May Leana, Schwartz David D, Frugé Ernest, Laufman Larry, Holm Suzanne, Kamdar Kala, Harris Lynnette, Brackett Julienne, Unal Sule, Tanyildiz Gulsah, Bryant Rosalind, Suzawa Hilary, Dreyer Zoann, Okcu M Fatih

机构信息

*Section of Emergency Medicine, Children's Hospital of Colorado, Aurora, CO †Department of Pediatrics, Section of Psychology ‡Department of Pediatrics, Section of Hematology-Oncology, Texas Children's Cancer Center §Department of Medicine, Section of General Medicine, Baylor College of Medicine, Houston ∥Department of Psychiatry, Pauline Allen Gill Center for Cancer and Blood Disorders, Dallas, TX.

出版信息

J Pediatr Hematol Oncol. 2017 Apr;39(3):e143-e149. doi: 10.1097/MPH.0000000000000723.

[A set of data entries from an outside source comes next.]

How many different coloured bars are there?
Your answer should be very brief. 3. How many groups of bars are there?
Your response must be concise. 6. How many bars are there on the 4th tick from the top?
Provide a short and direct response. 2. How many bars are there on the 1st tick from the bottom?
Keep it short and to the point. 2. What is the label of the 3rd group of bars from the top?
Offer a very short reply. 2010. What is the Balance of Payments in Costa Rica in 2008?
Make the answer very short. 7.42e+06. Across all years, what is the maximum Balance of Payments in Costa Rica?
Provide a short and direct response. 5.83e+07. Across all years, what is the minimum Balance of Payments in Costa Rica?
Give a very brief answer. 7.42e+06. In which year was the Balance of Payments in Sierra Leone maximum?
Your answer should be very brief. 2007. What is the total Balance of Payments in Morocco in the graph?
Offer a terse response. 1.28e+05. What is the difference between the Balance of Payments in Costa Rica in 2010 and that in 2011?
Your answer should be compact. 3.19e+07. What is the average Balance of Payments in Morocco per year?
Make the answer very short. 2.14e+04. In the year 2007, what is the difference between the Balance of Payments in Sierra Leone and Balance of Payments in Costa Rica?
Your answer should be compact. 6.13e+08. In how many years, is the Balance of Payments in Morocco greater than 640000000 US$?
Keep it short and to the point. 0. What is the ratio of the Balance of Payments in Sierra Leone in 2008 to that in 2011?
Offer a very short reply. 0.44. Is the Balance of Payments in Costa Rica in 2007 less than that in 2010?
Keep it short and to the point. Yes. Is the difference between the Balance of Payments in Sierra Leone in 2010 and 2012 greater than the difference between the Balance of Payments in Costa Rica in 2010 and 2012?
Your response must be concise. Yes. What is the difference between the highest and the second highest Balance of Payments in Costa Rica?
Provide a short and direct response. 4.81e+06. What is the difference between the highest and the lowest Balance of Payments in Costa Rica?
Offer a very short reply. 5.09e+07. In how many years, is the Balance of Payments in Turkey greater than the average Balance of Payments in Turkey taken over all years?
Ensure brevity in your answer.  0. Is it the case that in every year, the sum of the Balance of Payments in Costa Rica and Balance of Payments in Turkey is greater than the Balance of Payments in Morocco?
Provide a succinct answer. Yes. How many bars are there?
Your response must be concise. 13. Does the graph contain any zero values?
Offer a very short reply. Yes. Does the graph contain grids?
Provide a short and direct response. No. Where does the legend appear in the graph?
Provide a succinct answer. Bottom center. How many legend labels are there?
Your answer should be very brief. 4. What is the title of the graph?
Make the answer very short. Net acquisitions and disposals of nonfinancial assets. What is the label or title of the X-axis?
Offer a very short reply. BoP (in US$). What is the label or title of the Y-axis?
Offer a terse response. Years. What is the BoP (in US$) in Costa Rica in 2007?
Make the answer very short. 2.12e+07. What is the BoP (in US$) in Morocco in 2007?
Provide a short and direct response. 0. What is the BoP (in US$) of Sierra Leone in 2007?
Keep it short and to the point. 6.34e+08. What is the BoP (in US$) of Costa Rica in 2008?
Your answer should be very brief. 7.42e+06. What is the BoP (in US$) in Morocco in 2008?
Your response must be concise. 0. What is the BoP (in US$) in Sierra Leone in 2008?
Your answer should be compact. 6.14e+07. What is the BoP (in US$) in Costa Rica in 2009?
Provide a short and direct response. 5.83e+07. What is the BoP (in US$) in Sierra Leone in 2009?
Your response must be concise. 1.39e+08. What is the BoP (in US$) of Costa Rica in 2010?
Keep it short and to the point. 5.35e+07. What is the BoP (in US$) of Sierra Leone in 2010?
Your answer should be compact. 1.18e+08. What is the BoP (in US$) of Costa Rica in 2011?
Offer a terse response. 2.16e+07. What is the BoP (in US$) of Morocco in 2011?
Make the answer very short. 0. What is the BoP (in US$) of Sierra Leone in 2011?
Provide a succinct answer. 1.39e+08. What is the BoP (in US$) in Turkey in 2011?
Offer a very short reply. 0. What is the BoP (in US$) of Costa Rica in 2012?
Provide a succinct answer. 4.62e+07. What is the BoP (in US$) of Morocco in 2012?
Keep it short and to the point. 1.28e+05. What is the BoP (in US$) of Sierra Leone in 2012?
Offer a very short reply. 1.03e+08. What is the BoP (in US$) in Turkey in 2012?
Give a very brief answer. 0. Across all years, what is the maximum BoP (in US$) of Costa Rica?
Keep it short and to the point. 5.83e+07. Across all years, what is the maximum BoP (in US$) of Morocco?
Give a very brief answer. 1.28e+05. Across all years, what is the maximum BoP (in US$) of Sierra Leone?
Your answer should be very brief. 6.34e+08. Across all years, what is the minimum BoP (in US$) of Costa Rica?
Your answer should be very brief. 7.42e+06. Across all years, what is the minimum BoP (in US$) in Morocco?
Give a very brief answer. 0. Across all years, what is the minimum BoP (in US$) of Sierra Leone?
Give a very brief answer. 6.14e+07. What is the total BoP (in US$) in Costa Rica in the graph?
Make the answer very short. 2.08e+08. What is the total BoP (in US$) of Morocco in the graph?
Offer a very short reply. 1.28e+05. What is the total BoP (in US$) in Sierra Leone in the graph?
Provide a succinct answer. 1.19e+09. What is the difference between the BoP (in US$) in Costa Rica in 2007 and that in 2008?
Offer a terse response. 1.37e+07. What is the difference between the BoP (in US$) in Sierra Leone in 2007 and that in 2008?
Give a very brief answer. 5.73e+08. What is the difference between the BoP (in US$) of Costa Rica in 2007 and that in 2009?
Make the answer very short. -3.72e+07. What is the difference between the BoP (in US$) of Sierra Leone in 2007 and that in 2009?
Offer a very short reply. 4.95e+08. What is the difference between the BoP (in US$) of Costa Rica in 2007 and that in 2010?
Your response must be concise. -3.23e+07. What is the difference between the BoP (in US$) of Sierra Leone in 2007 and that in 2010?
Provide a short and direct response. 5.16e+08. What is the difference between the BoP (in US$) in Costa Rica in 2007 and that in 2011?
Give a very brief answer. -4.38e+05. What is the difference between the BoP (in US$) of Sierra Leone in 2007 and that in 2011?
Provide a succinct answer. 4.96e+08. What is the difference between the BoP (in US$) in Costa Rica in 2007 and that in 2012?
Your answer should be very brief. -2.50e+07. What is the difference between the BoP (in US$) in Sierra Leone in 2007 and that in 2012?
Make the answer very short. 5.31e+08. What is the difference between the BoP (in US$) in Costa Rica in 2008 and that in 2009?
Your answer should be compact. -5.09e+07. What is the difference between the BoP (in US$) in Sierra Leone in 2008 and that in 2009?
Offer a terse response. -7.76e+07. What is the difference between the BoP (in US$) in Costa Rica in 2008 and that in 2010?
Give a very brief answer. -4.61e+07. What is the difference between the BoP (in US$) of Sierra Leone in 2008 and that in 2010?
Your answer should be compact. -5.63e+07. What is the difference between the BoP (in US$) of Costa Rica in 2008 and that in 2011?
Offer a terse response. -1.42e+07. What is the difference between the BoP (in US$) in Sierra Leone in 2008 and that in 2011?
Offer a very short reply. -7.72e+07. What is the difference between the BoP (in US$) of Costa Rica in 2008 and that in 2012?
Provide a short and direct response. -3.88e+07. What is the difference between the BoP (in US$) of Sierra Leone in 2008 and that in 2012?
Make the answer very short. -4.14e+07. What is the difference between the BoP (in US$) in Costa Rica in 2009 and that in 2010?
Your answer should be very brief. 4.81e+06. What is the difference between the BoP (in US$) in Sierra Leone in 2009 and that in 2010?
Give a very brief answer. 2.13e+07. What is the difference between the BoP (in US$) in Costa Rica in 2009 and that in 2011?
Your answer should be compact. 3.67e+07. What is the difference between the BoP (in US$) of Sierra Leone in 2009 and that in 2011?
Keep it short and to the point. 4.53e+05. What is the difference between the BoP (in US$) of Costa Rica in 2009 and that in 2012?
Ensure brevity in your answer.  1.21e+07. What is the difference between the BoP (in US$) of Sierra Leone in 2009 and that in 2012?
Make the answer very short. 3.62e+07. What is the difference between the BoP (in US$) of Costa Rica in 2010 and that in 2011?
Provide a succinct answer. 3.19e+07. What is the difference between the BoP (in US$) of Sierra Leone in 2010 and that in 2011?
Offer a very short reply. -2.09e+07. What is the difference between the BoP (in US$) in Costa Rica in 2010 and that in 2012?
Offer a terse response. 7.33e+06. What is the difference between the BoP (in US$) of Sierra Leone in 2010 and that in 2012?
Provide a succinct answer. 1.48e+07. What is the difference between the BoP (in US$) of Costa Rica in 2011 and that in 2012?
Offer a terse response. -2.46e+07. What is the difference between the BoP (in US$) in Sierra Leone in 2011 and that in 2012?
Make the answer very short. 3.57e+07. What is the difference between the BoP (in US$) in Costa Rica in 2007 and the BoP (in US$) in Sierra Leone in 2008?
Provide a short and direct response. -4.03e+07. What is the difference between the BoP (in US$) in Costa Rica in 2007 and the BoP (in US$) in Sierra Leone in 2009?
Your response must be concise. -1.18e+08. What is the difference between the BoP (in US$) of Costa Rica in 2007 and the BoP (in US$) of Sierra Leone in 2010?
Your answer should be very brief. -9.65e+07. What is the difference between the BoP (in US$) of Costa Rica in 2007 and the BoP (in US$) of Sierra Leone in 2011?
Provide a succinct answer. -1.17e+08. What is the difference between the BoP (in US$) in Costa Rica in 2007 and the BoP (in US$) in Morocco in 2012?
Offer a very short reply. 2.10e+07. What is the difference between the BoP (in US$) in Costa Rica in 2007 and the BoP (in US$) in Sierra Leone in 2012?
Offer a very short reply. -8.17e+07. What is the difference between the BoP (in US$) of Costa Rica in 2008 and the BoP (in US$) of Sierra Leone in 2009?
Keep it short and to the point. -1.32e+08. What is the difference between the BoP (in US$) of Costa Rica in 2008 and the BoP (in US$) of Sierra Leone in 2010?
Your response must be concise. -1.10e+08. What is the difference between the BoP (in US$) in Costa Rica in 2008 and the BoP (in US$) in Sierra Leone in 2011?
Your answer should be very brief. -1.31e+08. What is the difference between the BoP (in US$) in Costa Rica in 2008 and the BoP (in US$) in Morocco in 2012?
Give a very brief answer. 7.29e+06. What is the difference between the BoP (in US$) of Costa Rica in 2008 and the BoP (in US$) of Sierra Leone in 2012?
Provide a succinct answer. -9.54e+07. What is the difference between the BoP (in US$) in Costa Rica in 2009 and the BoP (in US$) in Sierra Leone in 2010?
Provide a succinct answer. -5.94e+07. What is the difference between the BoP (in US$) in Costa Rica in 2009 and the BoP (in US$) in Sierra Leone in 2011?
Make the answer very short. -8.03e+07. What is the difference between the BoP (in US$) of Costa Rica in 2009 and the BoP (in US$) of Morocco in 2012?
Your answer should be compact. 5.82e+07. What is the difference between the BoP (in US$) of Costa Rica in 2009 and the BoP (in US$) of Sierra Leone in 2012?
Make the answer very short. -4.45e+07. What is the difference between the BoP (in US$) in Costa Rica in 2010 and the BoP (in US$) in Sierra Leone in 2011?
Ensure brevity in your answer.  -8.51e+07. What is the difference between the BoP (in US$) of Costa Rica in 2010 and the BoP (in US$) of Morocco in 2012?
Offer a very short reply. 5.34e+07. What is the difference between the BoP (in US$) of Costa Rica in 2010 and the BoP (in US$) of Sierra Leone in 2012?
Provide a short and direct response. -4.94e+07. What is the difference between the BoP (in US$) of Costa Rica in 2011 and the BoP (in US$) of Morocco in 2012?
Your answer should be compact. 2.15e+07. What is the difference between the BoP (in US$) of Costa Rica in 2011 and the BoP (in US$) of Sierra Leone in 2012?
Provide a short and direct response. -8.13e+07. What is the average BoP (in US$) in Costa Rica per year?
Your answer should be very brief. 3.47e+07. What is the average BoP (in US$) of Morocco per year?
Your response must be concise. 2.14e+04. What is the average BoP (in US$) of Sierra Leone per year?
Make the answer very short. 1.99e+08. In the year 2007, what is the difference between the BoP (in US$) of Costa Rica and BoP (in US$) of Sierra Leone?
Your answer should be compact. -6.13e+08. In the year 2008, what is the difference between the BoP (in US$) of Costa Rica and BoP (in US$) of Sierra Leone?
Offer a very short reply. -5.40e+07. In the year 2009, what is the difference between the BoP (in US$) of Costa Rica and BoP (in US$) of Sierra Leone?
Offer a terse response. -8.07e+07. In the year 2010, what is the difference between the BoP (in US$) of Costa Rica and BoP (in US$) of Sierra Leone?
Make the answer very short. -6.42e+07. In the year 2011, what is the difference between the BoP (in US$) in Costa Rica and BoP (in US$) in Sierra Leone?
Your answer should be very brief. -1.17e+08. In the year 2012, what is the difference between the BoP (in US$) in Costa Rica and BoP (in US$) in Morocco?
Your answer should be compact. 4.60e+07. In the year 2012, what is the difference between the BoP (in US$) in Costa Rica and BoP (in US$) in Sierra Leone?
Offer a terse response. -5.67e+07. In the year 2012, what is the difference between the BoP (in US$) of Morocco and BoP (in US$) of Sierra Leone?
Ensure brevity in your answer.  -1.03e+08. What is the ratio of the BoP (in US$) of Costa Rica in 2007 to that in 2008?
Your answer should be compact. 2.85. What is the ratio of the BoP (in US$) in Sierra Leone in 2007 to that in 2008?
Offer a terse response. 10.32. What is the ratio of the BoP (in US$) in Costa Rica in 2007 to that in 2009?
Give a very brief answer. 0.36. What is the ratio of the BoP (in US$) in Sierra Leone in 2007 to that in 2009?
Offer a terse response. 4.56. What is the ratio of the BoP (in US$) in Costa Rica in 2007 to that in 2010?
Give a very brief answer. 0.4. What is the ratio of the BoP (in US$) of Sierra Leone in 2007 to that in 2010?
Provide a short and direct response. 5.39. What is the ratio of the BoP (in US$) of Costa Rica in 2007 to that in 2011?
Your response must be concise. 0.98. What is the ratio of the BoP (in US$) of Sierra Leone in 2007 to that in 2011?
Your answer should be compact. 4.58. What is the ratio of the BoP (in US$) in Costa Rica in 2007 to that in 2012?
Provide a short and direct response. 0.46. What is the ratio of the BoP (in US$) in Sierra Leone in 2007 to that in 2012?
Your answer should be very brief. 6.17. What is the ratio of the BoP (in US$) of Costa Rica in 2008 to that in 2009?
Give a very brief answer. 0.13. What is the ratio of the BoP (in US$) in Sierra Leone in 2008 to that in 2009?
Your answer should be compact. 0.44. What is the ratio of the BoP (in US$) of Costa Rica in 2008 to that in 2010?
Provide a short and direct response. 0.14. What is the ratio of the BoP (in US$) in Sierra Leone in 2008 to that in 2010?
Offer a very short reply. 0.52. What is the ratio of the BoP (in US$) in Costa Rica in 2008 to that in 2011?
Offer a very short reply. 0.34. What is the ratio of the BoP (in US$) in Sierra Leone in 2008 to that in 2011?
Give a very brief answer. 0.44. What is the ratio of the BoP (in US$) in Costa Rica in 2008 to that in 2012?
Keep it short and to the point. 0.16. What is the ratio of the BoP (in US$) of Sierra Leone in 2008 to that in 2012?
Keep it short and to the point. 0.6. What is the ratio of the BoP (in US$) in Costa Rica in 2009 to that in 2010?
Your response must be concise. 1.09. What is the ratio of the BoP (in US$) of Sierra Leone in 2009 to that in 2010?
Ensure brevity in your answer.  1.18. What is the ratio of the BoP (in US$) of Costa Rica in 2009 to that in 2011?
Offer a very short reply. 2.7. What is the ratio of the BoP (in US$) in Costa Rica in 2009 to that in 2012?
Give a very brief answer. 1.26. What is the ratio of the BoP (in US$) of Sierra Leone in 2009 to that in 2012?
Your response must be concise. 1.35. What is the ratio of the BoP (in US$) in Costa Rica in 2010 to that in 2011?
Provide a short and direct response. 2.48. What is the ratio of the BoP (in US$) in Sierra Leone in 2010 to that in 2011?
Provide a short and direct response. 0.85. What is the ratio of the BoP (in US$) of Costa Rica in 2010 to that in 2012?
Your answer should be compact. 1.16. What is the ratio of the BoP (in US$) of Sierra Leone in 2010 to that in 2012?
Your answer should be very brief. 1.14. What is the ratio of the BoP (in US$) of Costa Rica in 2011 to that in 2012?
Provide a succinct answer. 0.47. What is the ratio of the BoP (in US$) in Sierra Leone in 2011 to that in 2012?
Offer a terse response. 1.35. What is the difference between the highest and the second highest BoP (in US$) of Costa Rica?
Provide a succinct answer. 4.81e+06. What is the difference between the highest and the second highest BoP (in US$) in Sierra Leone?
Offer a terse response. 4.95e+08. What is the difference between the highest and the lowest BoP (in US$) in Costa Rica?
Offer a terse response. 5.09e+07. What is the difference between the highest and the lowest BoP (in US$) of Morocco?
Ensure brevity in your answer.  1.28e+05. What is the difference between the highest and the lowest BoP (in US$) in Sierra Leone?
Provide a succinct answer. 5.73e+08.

DOI:10.1097/MPH.0000000000000723
PMID:27984354
Abstract

Attendance to follow-up care after completion of cancer treatment is an understudied area. We examined demographic, clinical, and socioeconomic predictors of follow-up by pediatric cancer patients at a large center in 442 newly diagnosed patients using multivariable logistic regression analyses. Patients who did not return to clinic for at least 1000 days were considered lost to follow-up. Two hundred forty-two (54.8%) patients were lost. In multivariable analyses, the following variables were independent predictors of being lost to follow-up: treatment with surgery alone (odds ratio [OR]=6.7; 95% confidence interval [CI], 3.1-14.9), older age at diagnosis (reference, 0 to 4; ages, 5 to 9: OR=1.8, 95% CI, 1.1-3; ages, 10 to 14: OR=3.3; CI, 1.8-6.1; and ages, 15 and above: OR=4.8; CI, 2.1-11.7), lack of history of stem cell transplantation (OR=2, 95% CI, 1.04-3.7) and lack of insurance (OR=3.4; CI, 1.2-9.2). Hispanic patients had the best follow-up rates (53.7%) compared to whites and blacks (P=0.03). Attendance to long-term follow-up care is suboptimal in childhood cancer survivors. Predictors that were associated with nonattendance can be used to design targeted interventions to improve follow-up care for survivors of pediatric cancer.